Graduation looms on the horizon. For every college student, the idea of graduating college holds a bittersweet flavor, caught between the satisfaction of accomplishment and the sadness of goodbyes. For some, it holds more of one than the other. It is sometimes hard to tell which is stronger. Sometimes, the bitterness wins.
At 21 years old, I’ve been a college student for five years and have been at the University of Michigan for three of them. I took courses at a community college for two years in my childhood state of California before transferring to the University. My mom encouraged me to apply since her and my stepfather’s resident status would transfer to me. One acceptance letter and months later, I was living much closer to my mom and my sister Sydney’s family, which I liked because I could visit them any time I wanted.

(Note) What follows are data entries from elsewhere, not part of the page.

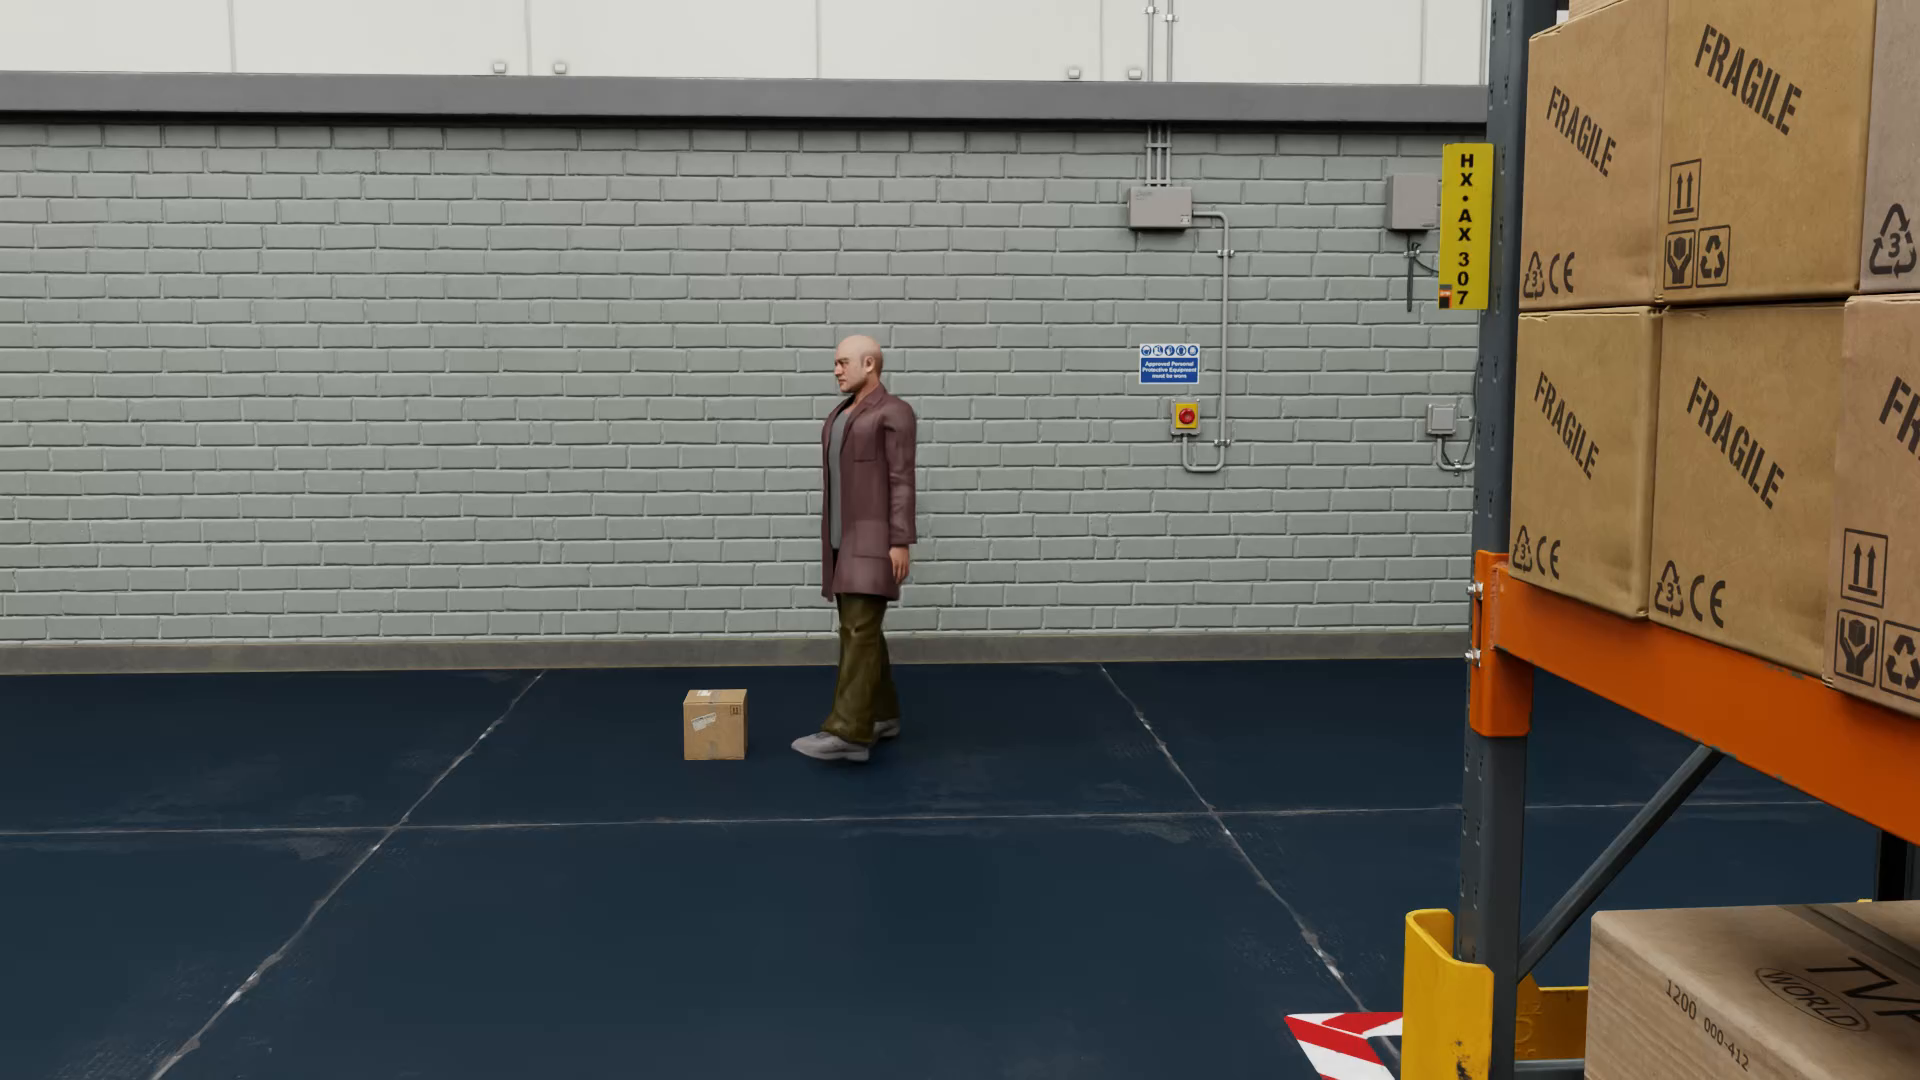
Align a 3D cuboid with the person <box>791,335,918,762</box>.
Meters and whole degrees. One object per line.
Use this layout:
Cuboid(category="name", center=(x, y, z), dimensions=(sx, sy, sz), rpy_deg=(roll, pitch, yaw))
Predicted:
Cuboid(category="person", center=(-0.497, 0.028, 7.025), dimensions=(0.726, 1.779, 0.601), rpy_deg=(-5, 8, -36))
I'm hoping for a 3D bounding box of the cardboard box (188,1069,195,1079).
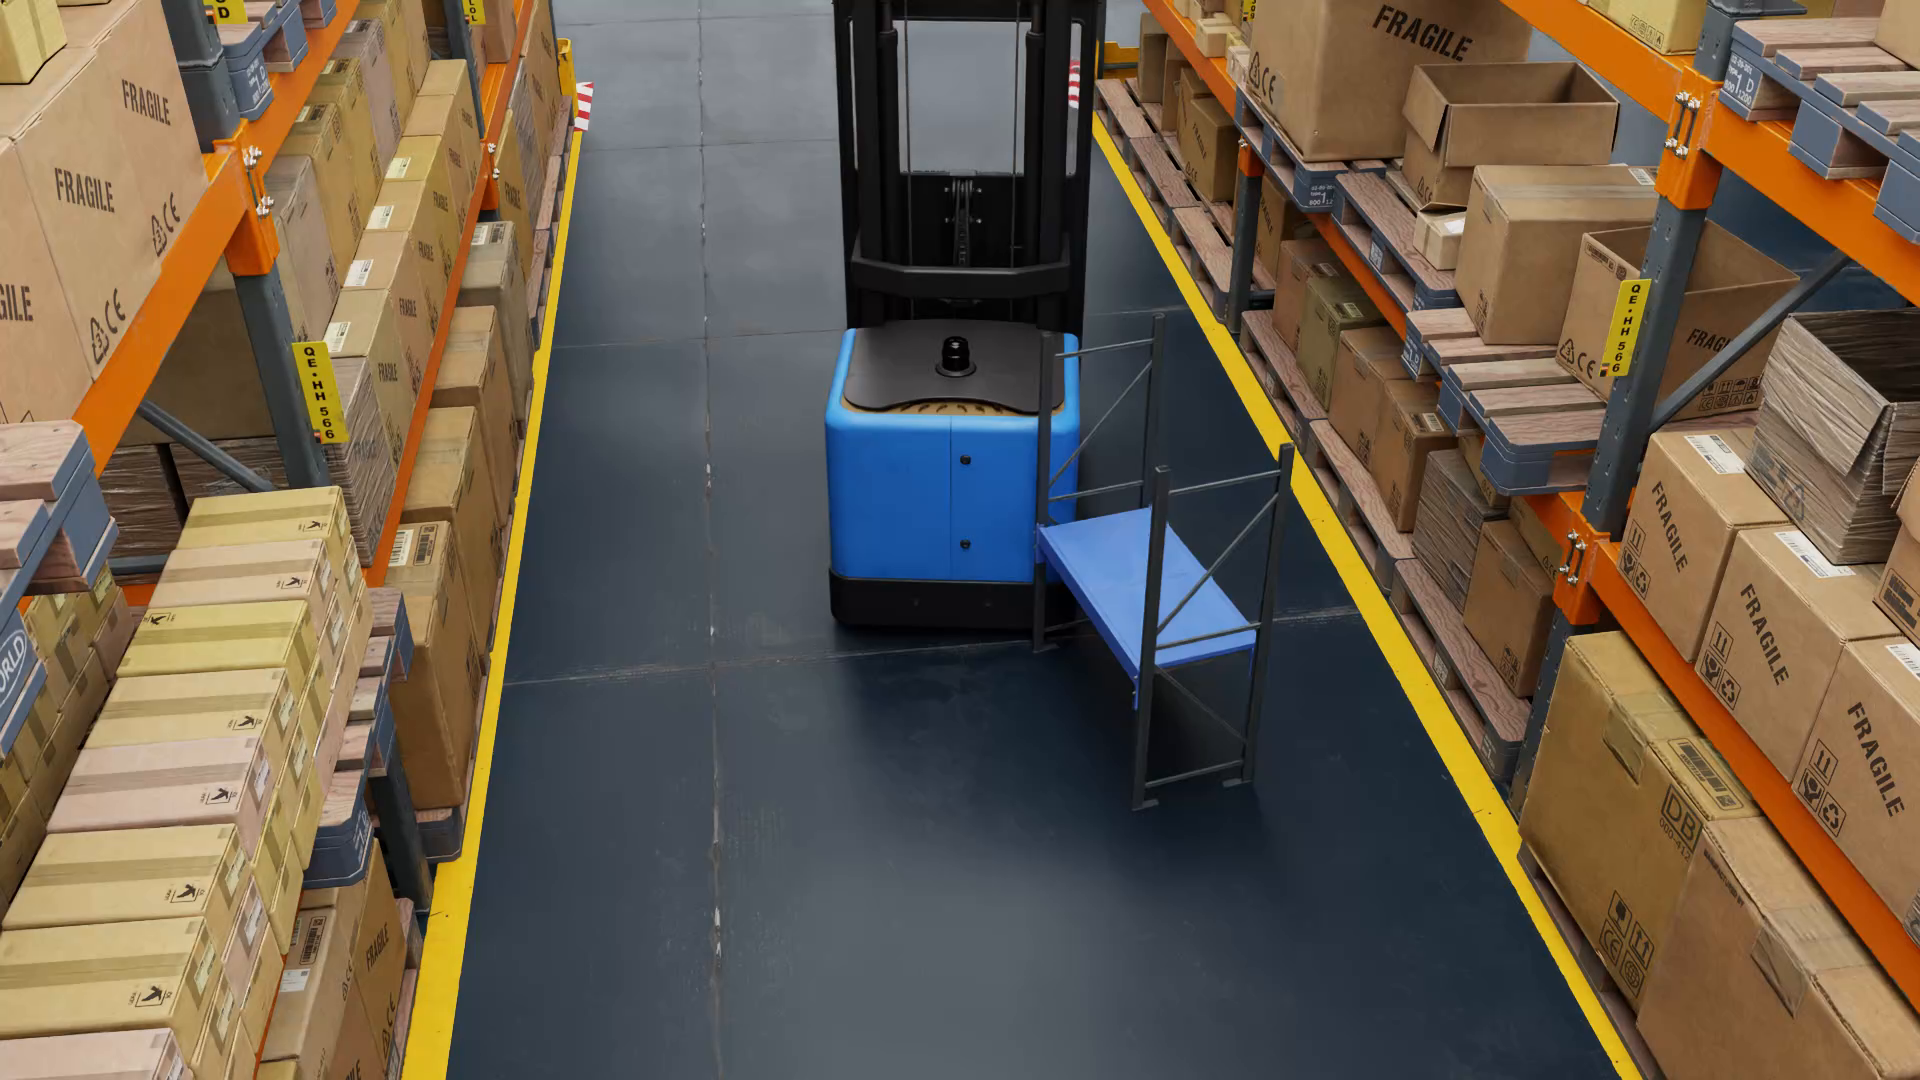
[{"bbox_3d":[-1.602,1.128,3.018,0.380,0.149,0.250,-5,35,-7],"label":"cardboard box"}]

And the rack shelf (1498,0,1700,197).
[{"bbox_3d":[2.299,-2.303,6.441,1.077,0.370,4.000,-4,35,-6],"label":"rack shelf"}]

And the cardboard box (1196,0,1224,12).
[{"bbox_3d":[1.831,-3.450,9.796,0.875,0.500,0.500,-4,35,-6],"label":"cardboard box"}]

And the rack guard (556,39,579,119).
[{"bbox_3d":[-3.440,-3.370,12.251,1.175,0.500,0.348,-4,35,-6],"label":"rack guard"}]

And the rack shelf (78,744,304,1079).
[{"bbox_3d":[-2.092,1.488,3.542,1.077,0.370,4.000,-4,35,-6],"label":"rack shelf"}]

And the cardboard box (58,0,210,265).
[{"bbox_3d":[-2.032,-0.907,3.665,0.500,0.500,0.500,-4,35,-6],"label":"cardboard box"}]

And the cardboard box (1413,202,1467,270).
[{"bbox_3d":[2.076,-1.273,6.700,0.396,0.266,0.258,-5,35,-8],"label":"cardboard box"}]

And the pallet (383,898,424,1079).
[{"bbox_3d":[-2.257,1.663,5.122,1.003,0.211,1.213,-4,35,-6],"label":"pallet"}]

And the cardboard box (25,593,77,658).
[{"bbox_3d":[-2.452,0.181,4.142,0.380,0.149,0.250,-5,35,-8],"label":"cardboard box"}]

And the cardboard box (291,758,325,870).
[{"bbox_3d":[-1.743,0.667,3.958,0.380,0.149,0.250,-5,35,-7],"label":"cardboard box"}]

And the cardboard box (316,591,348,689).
[{"bbox_3d":[-1.806,0.272,4.273,0.380,0.149,0.250,-3,34,-5],"label":"cardboard box"}]

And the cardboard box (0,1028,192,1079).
[{"bbox_3d":[-1.595,1.015,2.919,0.380,0.149,0.250,-3,34,-5],"label":"cardboard box"}]

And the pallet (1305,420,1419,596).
[{"bbox_3d":[2.303,-0.208,7.868,1.003,0.211,1.213,-4,35,-6],"label":"pallet"}]

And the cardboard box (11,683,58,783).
[{"bbox_3d":[-2.417,0.467,3.987,0.380,0.149,0.250,-5,35,-8],"label":"cardboard box"}]

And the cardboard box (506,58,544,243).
[{"bbox_3d":[-3.039,-2.312,9.993,0.875,0.875,0.875,-4,34,-6],"label":"cardboard box"}]

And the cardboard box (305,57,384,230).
[{"bbox_3d":[-2.621,-1.485,6.288,0.700,0.500,0.500,-5,35,-7],"label":"cardboard box"}]

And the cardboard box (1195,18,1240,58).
[{"bbox_3d":[1.567,-2.886,9.544,0.380,0.149,0.250,-4,35,-6],"label":"cardboard box"}]

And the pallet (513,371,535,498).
[{"bbox_3d":[-2.721,-0.580,8.414,1.003,0.211,1.213,-4,35,-6],"label":"pallet"}]

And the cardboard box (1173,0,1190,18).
[{"bbox_3d":[1.522,-3.309,10.165,0.380,0.149,0.250,-4,35,-6],"label":"cardboard box"}]

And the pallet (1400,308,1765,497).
[{"bbox_3d":[2.366,-0.555,6.071,1.213,0.211,1.003,-4,35,-6],"label":"pallet"}]

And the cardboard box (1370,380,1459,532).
[{"bbox_3d":[2.287,-0.390,7.488,0.700,0.500,0.500,-2,34,-2],"label":"cardboard box"}]

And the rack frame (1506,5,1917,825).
[{"bbox_3d":[2.567,-0.245,5.445,1.000,3.000,0.127,-4,35,-6],"label":"rack frame"}]

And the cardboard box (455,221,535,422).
[{"bbox_3d":[-2.726,-1.062,8.269,1.050,0.750,0.750,-5,35,-7],"label":"cardboard box"}]

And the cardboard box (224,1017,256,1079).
[{"bbox_3d":[-1.632,1.113,3.303,0.380,0.149,0.250,-6,35,-9],"label":"cardboard box"}]

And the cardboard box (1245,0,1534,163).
[{"bbox_3d":[1.998,-2.444,7.767,1.000,1.000,1.000,-4,34,-6],"label":"cardboard box"}]

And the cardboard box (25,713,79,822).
[{"bbox_3d":[-2.428,0.570,4.100,0.380,0.149,0.250,-3,34,-4],"label":"cardboard box"}]

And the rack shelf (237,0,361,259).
[{"bbox_3d":[-2.630,-1.984,5.972,1.077,0.370,4.000,-4,35,-6],"label":"rack shelf"}]

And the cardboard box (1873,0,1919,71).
[{"bbox_3d":[2.721,-1.365,3.962,0.797,0.503,0.637,-2,34,-4],"label":"cardboard box"}]

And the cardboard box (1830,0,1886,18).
[{"bbox_3d":[2.756,-1.704,5.056,0.500,0.250,0.500,-4,34,-6],"label":"cardboard box"}]

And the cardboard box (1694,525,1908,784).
[{"bbox_3d":[2.435,0.293,4.567,0.500,0.500,0.500,-5,35,-8],"label":"cardboard box"}]

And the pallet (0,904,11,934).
[{"bbox_3d":[-2.054,1.255,3.415,1.003,0.211,1.213,-4,35,-6],"label":"pallet"}]

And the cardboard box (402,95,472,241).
[{"bbox_3d":[-2.496,-1.646,7.413,0.500,0.500,0.500,-5,35,-7],"label":"cardboard box"}]

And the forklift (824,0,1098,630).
[{"bbox_3d":[0.035,-1.630,7.539,1.130,2.935,3.031,2,34,2],"label":"forklift"}]

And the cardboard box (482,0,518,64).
[{"bbox_3d":[-3.013,-3.040,9.414,0.875,0.550,0.550,-4,35,-6],"label":"cardboard box"}]

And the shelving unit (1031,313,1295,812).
[{"bbox_3d":[0.710,0.078,6.301,0.538,1.500,1.048,-11,36,-16],"label":"shelving unit"}]

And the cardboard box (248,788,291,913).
[{"bbox_3d":[-1.703,0.697,3.649,0.380,0.149,0.250,-5,35,-7],"label":"cardboard box"}]

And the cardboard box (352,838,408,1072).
[{"bbox_3d":[-2.013,1.281,5.053,0.500,0.500,0.500,-5,35,-7],"label":"cardboard box"}]

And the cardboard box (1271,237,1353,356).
[{"bbox_3d":[2.091,-1.281,8.796,0.700,0.500,0.500,-7,35,-10],"label":"cardboard box"}]

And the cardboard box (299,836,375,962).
[{"bbox_3d":[-2.009,0.986,4.821,0.500,0.250,0.500,-5,35,-8],"label":"cardboard box"}]

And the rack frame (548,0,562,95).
[{"bbox_3d":[-3.437,-4.390,11.528,1.000,3.000,0.127,-4,35,-6],"label":"rack frame"}]

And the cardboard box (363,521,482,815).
[{"bbox_3d":[-2.354,0.484,6.001,1.050,0.750,0.750,-5,35,-7],"label":"cardboard box"}]

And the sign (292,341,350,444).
[{"bbox_3d":[-1.825,-0.417,4.741,0.100,0.325,0.005,-4,35,-6],"label":"sign"}]

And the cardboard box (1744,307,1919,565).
[{"bbox_3d":[2.650,-0.291,4.534,0.797,0.503,0.637,-3,34,-5],"label":"cardboard box"}]

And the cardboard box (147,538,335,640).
[{"bbox_3d":[-1.809,0.138,4.206,0.380,0.149,0.250,-5,35,-7],"label":"cardboard box"}]

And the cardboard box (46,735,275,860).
[{"bbox_3d":[-1.708,0.568,3.575,0.380,0.149,0.250,-4,35,-6],"label":"cardboard box"}]

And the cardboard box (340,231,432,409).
[{"bbox_3d":[-2.292,-0.803,6.175,0.500,0.500,0.500,-4,35,-6],"label":"cardboard box"}]

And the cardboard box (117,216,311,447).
[{"bbox_3d":[-2.412,-0.631,5.036,0.700,0.500,0.500,-5,35,-7],"label":"cardboard box"}]

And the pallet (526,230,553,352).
[{"bbox_3d":[-2.924,-1.435,9.669,1.003,0.211,1.213,-4,35,-6],"label":"pallet"}]

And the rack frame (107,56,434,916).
[{"bbox_3d":[-2.361,0.075,4.977,1.000,3.000,0.127,-4,35,-6],"label":"rack frame"}]

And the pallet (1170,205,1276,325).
[{"bbox_3d":[1.904,-1.697,10.052,1.003,0.211,1.213,-4,35,-6],"label":"pallet"}]

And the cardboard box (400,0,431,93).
[{"bbox_3d":[-2.826,-2.335,7.537,0.700,0.500,0.500,-5,35,-7],"label":"cardboard box"}]

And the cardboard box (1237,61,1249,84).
[{"bbox_3d":[1.709,-2.471,8.935,0.380,0.149,0.250,-4,35,-6],"label":"cardboard box"}]

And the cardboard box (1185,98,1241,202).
[{"bbox_3d":[1.769,-2.503,10.606,0.500,0.500,0.500,-7,35,-11],"label":"cardboard box"}]

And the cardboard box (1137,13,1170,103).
[{"bbox_3d":[1.559,-3.500,12.069,0.500,0.500,0.500,2,34,2],"label":"cardboard box"}]

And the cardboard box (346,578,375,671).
[{"bbox_3d":[-1.839,0.245,4.577,0.380,0.149,0.250,-4,34,-6],"label":"cardboard box"}]

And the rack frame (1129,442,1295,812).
[{"bbox_3d":[0.877,0.347,5.904,0.500,1.500,0.032,-11,36,-16],"label":"rack frame"}]
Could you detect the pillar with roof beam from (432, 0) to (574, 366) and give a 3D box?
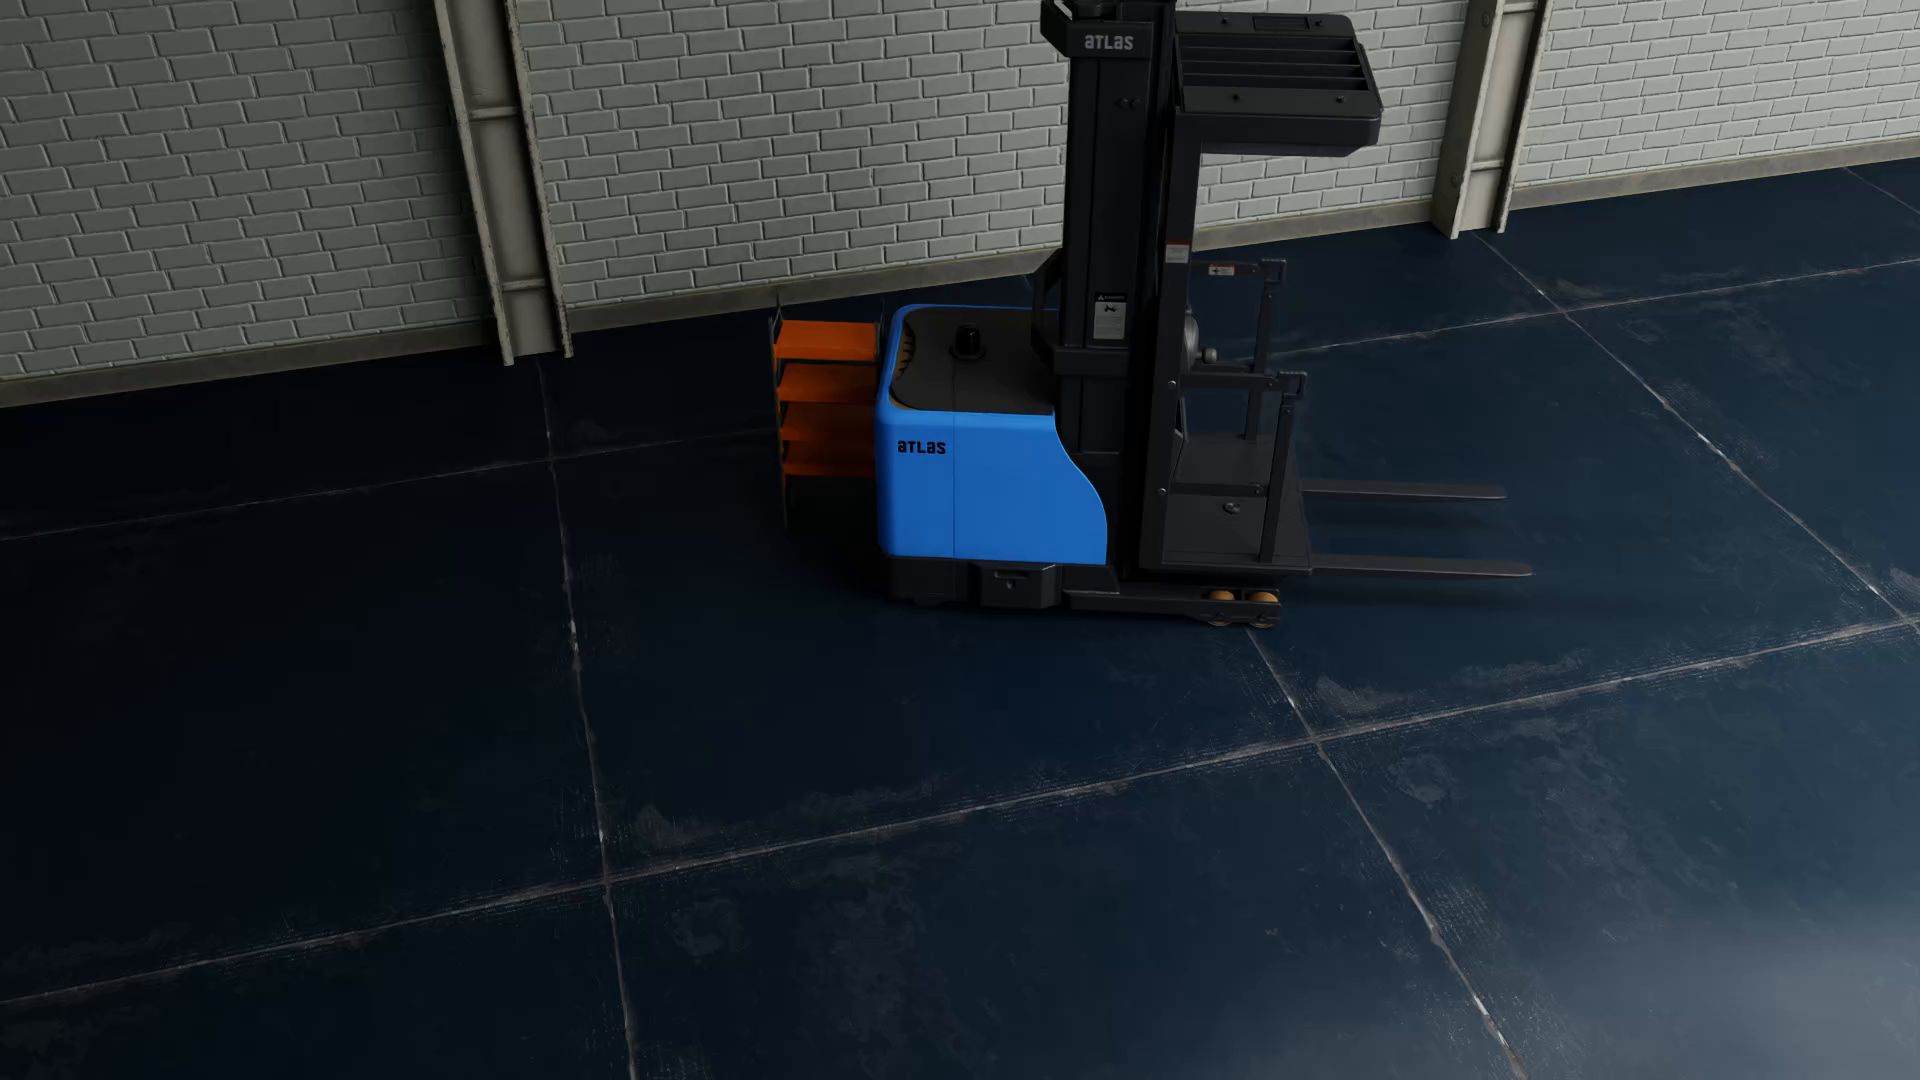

I look back on the clueless 18-year-old from the middle of nowhere in Northern California, who was overwhelmed by the University’s size and the sheer number of people during her first few weeks of class. I remember how excited she was to wake up to snow on the ground. That girl could never have imagined that her path would bring her this far or to this particular place. That her senior year would be spent shut away in an apartment off-campus. That by now she would have accomplished and lost so much.
It was only three weeks into this winter semester that I received a phone call from my sister that our mom had passed away. She lived only 25 minutes away from me, but I hadn’t risked hugging her in over a month because of the risk of coronavirus contagion. She lived alone, having separated from my stepfather a couple of years ago. The only hint I got that something was wrong was that she wasn’t responding to my texts. I didn’t know she was gone until almost 24 hours after it happened. She was only 57 years old.
Her funeral was simple. We wore masks and social distanced. We ordered a bouquet of flowers in her favorite color, purple, looking as much like a bouquet of wildflowers she would have picked herself as we could make it. I played her favorite music and put together a long slideshow of photos of her, even though she never liked having her picture taken. We felt we needed some event to celebrate her life, to mark the fact that she was gone even though we couldn’t believe it, couldn’t accept it. Closure was the idea, but we felt and still feel no closure.
I mark every accomplishment now in my mind on a calendar of months since she was alive. My first column in The Michigan Daily this semester was spread out on her coffee table when we went to her house to begin packing her things. She had said she planned to frame it. Since then, I published my first article in a non-student publication and I won a Hopwood Undergraduate Nonfiction Award: the outcome of efforts she witnessed but of which never got to see the rewards. On the one hand, I can’t imagine having done any more or better in my undergraduate career.
But on the other side of that, I thought that I would be taking graduation pictures with her now. She would be telling me how proud of me she was.
I still haven’t taken any graduation pictures.
This chapter has a bitter ending for a lot of people, with not a lot of closure. I know this is not the senior year any of us imagined, distanced from friends and family and normal life. I know the loss that millions of people are experiencing from losing their family members and friends to this deadly pandemic.
I know I did not imagine having to lose my mom so soon nor not being able to say goodbye. I pushed through to graduation because I knew she would want me to. But the bitter, bone-deep ache of loss is much more powerful than any shallow closure I feel from finishing my undergraduate studies. That’s something I’ve been grappling with a lot.
It’s natural to ask, “What if?” What if I had taken a different course that semester, or had done a different program or a different internship? What if this pandemic hadn’t happened and I’d had a normal senior year? What if my mom was still here? These questions have no answers. We’ll never know what might have been.
The word “closure” seems to refer to the concept of a definitive conclusion. With it comes a sense of acceptance. Oh, sweet closure. There is an implication of tying up loose ends, of understanding what happened and why. It’s what happens at the end of fiction books. You turn to the last page, you read the last lines, you see the words “the end” printed on paper. You shut the book and you feel satisfied. Everything happened for a reason and everything had its own meaning.
But whether closure is ever achievable in an ever-changing world where nothing can be controlled or predicted, I don’t know. We work and sometimes we succeed at the goals we set, but do we ever feel that we have reached a conclusion?
Real-life is messy. Real-life doesn’t tie up loose ends, or always offer a chance for goodbye. We don’t know the reason that things happen or what they mean. We have ideas, but no explanations upon which we agree.
My mom brought me into the world and raised me. She taught me to be passionate and to fight for what I care about — the environment, animals, people — and encouraged me to utilize my strengths to those ends, to follow my dreams. She took me traveling and showed me to love the world and all of the adventures it holds. She encouraged me to apply to the University and she’s the reason I studied environmental studies. Her encouragement is why I write. In many ways, her dreams for a better world live on in me.
The truth is, I didn’t come to the University for the graduation ceremony. I came for the years spent hunched uncomfortably over my desk struggling to learn and write and grow. You didn’t love someone just to go to their funeral. You loved them for the impact they made upon you.
At the end of this long, hard year, and standing at the crossroads of pathways into the future, it is okay not to feel closure because this is not the final page. There is too much left to do in this world to feel that way.